Following this analysis, we should permit several sexual orientations provided they are grounded in love, commitment, mutuality and respect. Postmodernists view this as a revolution in human sentiment no less momentous than the discovery of romantic love or the rise of feminism, to which Jewish law needs to adapt. Yet one might ask whether Jewish tradition should resist or embrace such postmodern insights.
Finally, traditionalists often ground their arguments in legal positivism, which holds that legal decisions should be based on the critical reading of texts alone, independent of moral judgments not found in the law itself. Without rejecting critical exegesis, which seeks to discover the intended meaning of a text in its original context, both moderate and progressive liberals appear to place equal weight on midrashic eisegesis, which looks for innovative readings of a text apart from original intent that are in tune with current moral sensitivities.

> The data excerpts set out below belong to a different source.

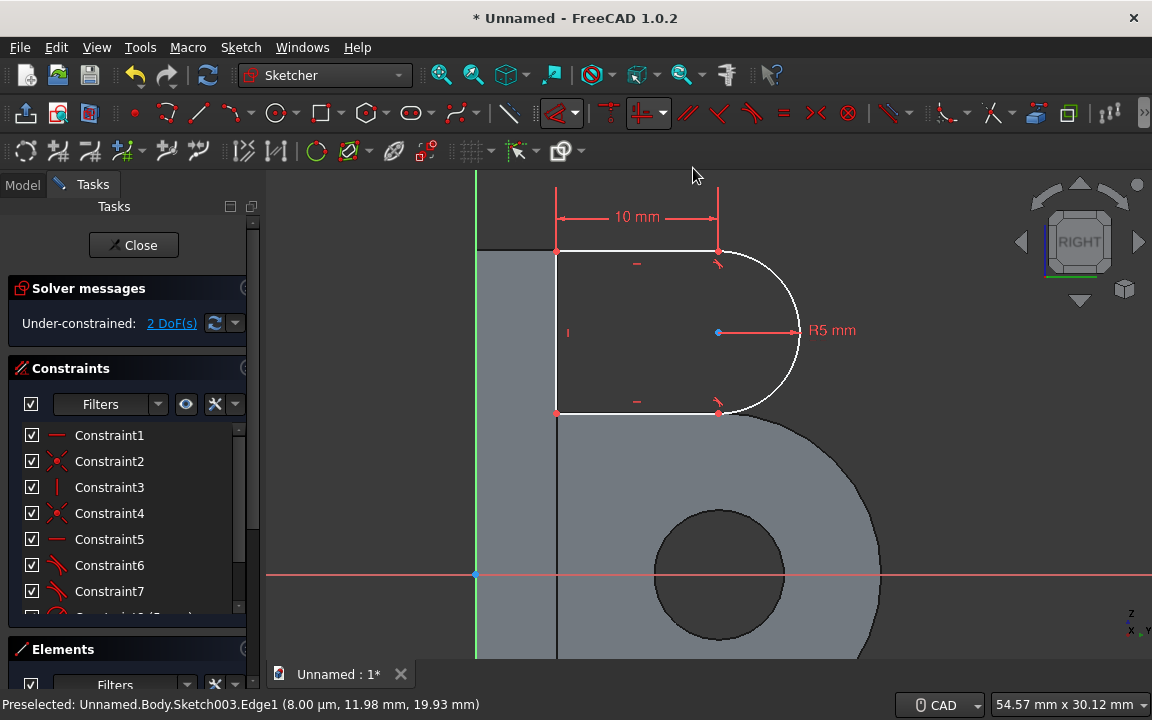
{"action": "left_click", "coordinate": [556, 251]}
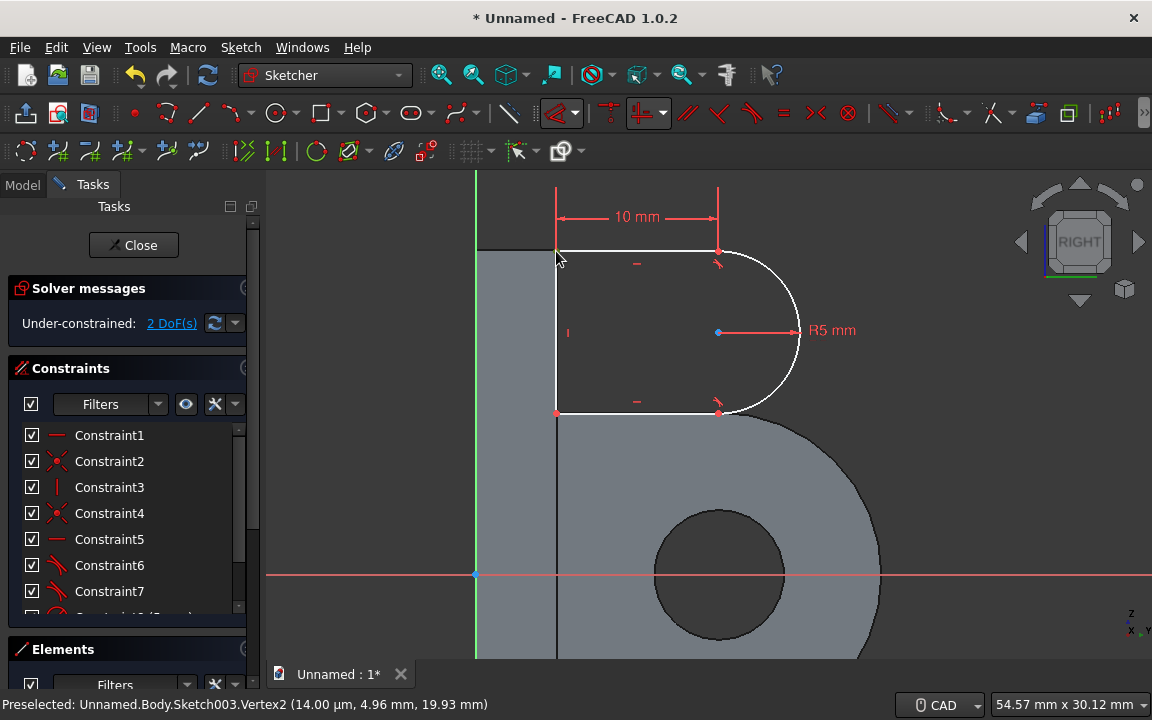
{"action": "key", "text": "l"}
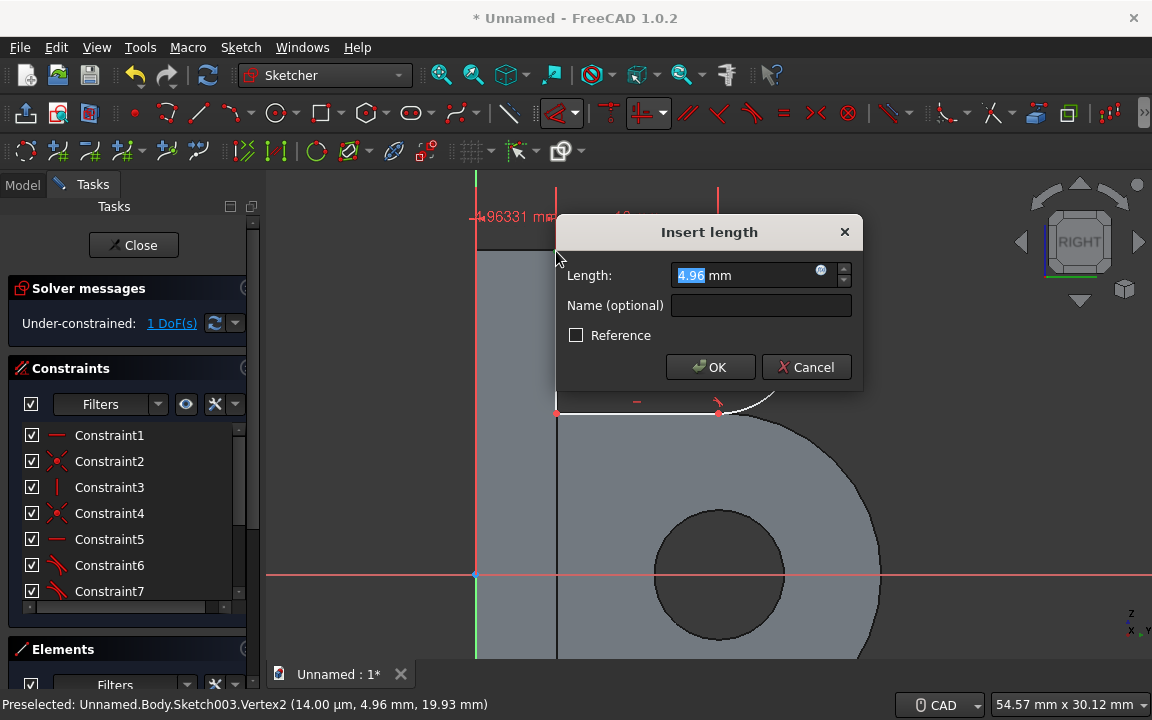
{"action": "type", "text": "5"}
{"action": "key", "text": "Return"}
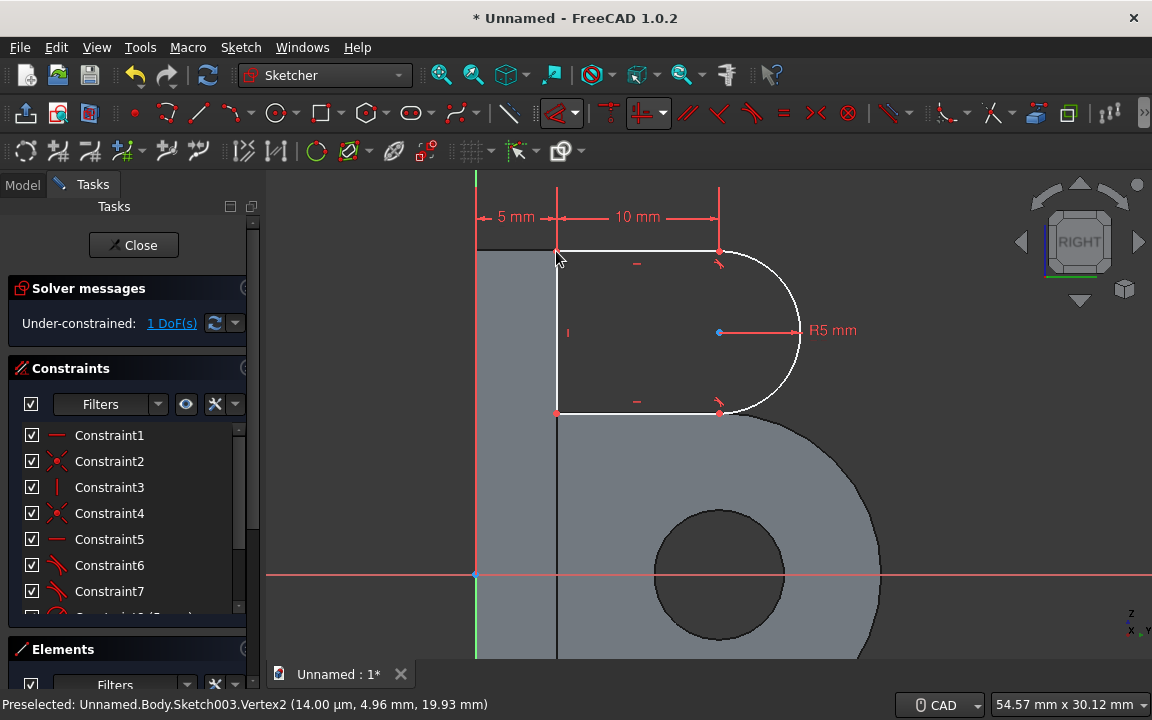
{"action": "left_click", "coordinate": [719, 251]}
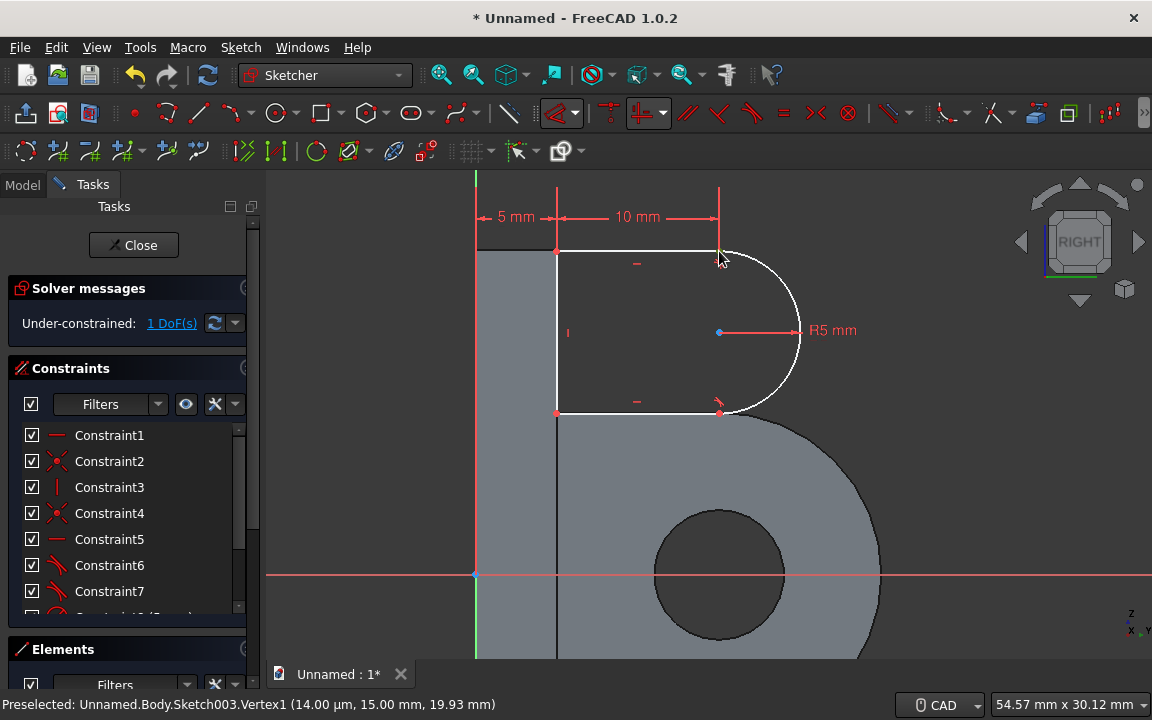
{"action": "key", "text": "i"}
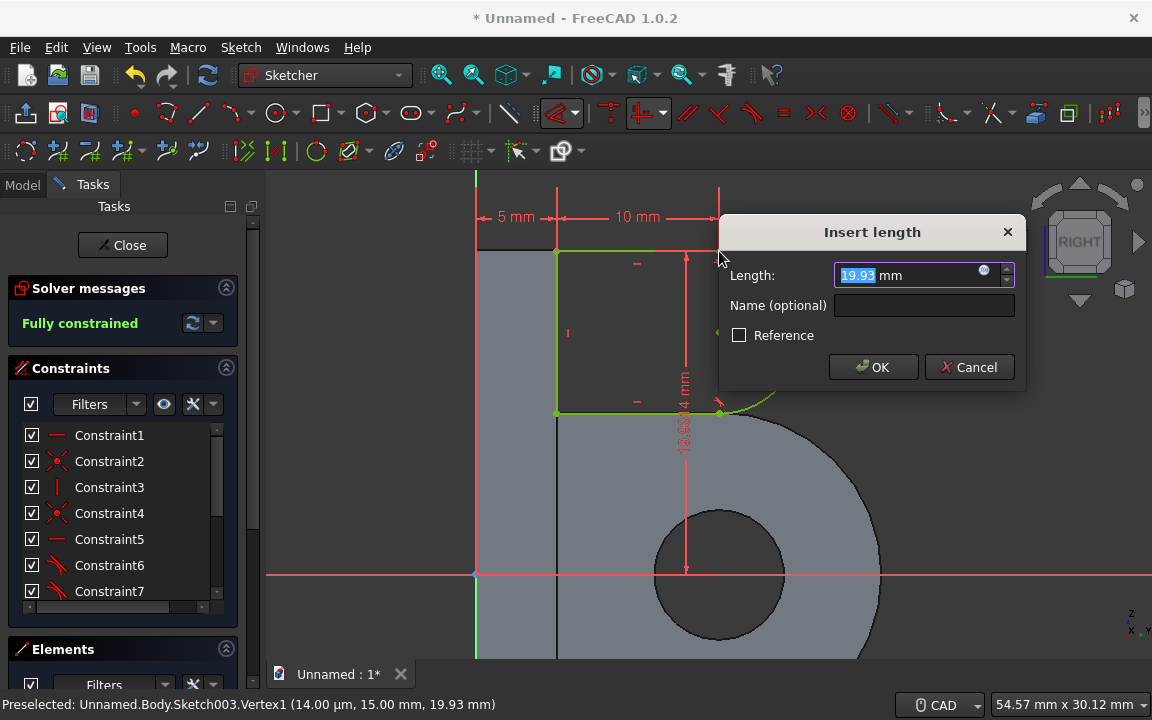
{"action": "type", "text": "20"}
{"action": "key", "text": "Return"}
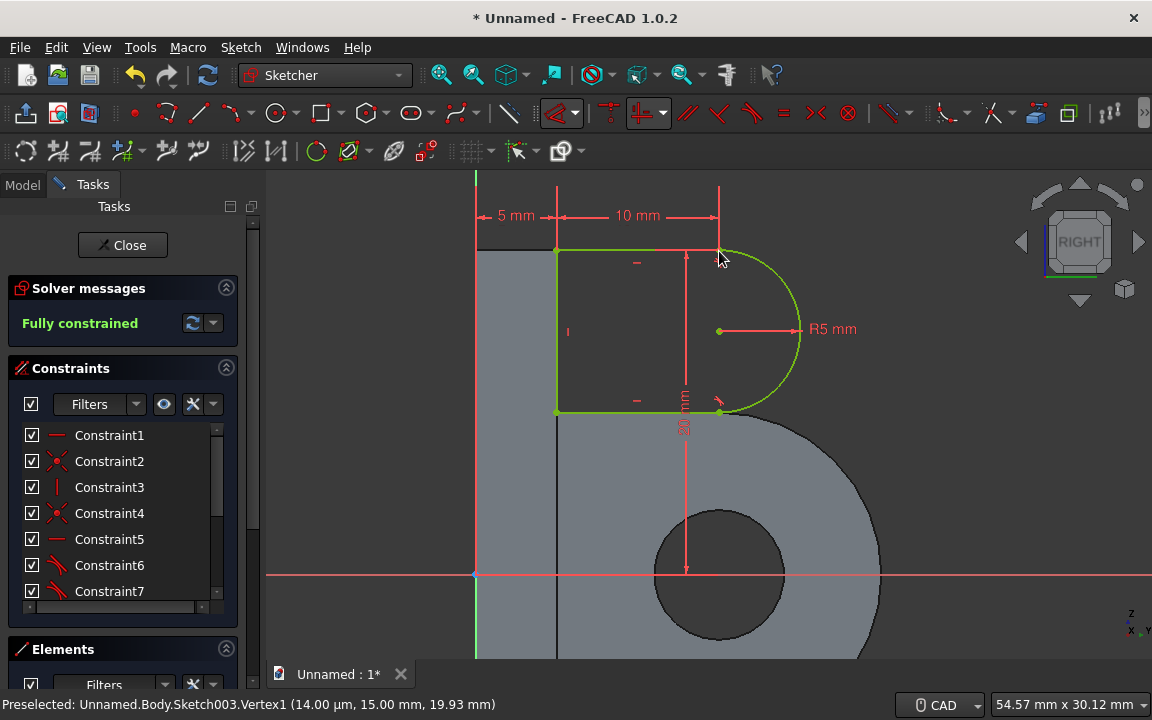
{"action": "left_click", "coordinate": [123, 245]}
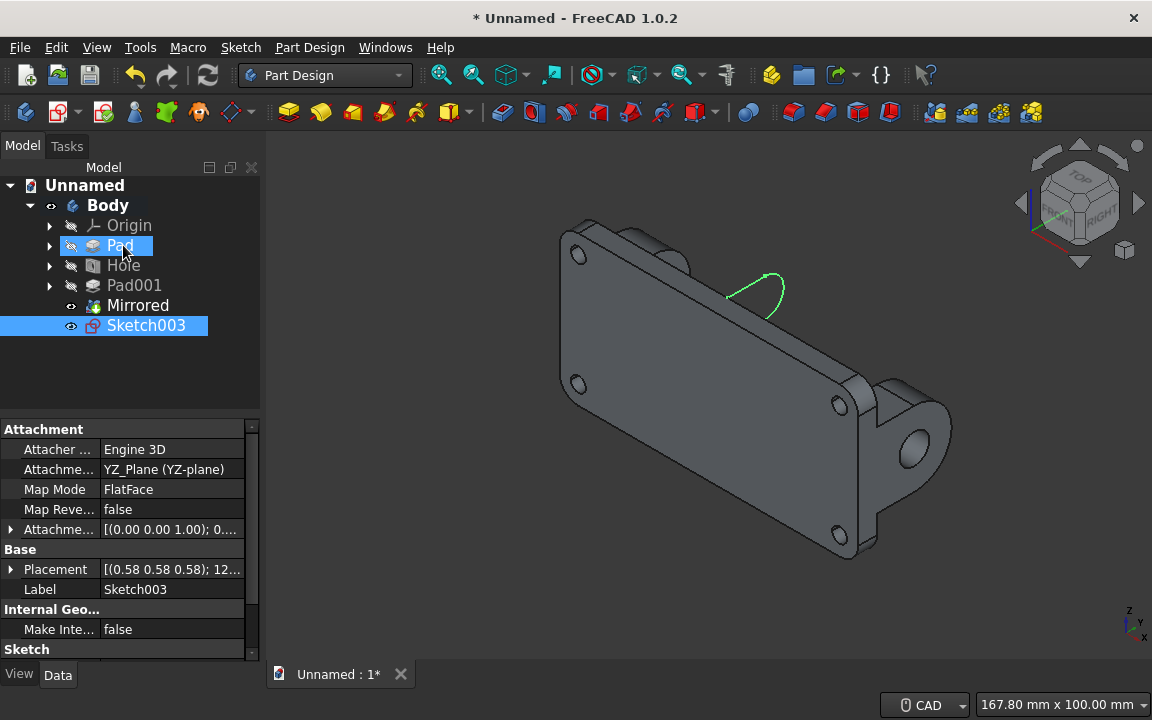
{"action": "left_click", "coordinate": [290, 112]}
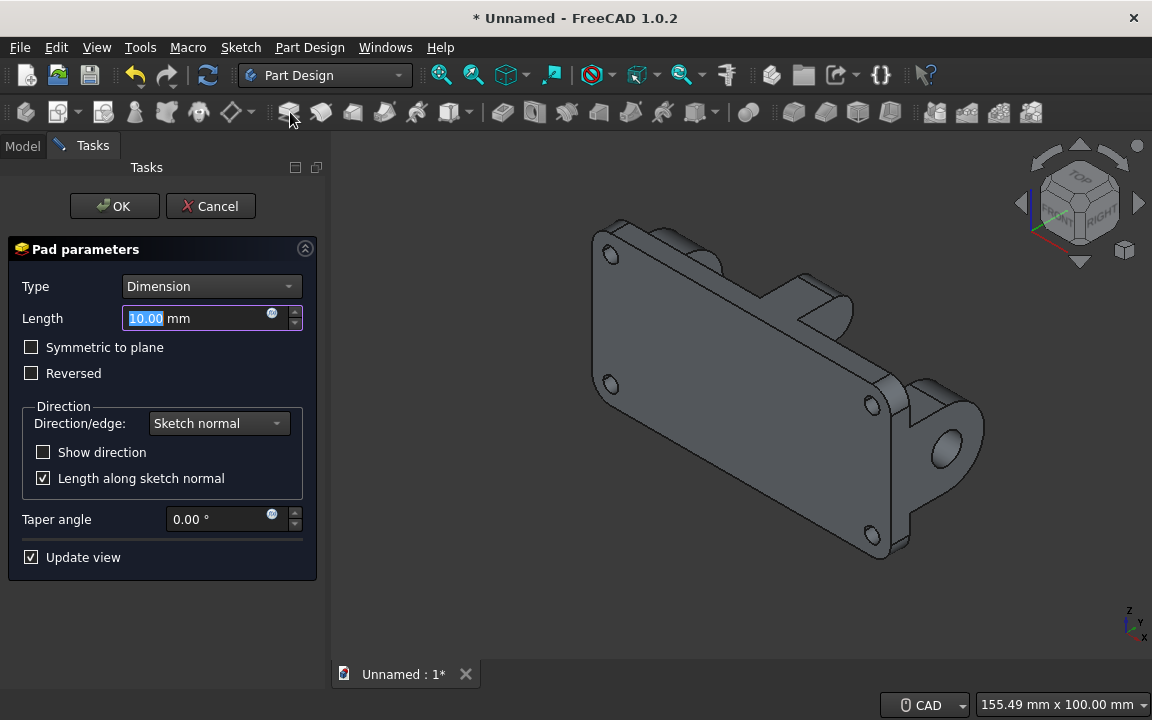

The blurring of accepted dichotomies, such as exegesis (reading out) and eisegesis (reading in), is also characteristic of postmodern criticism. This process, which some postmodernists call “deconstruction,” is the subject of considerable controversy among intellectuals. One paradox of this approach, for example, is that the concern for overcoming dominant discourses by means of new interpretations can also become a means of domination.
The willingness of the Board of Trustees to facilitate a serious examination of these perplexing dilemmas presents an extraordinary educational opportunity for the Schechter Rabbinical Seminary to demonstrate the value of dialogue on matters of principle in an atmosphere of mutual respect that engages Jewish sources in a careful and critical manner. This is the hallmark of Masorti-Conservative Judaism. As a leading institution of rabbinic education in Israel,we have a sacred obligation to do no less.
The writer is Chair of the Board of Trustees of the Schechter Rabbinical Seminary, Professor of Philosophy of Education at the University of Haifa, and Sr. Research Fellow of the Van Leer Jerusalem Institute.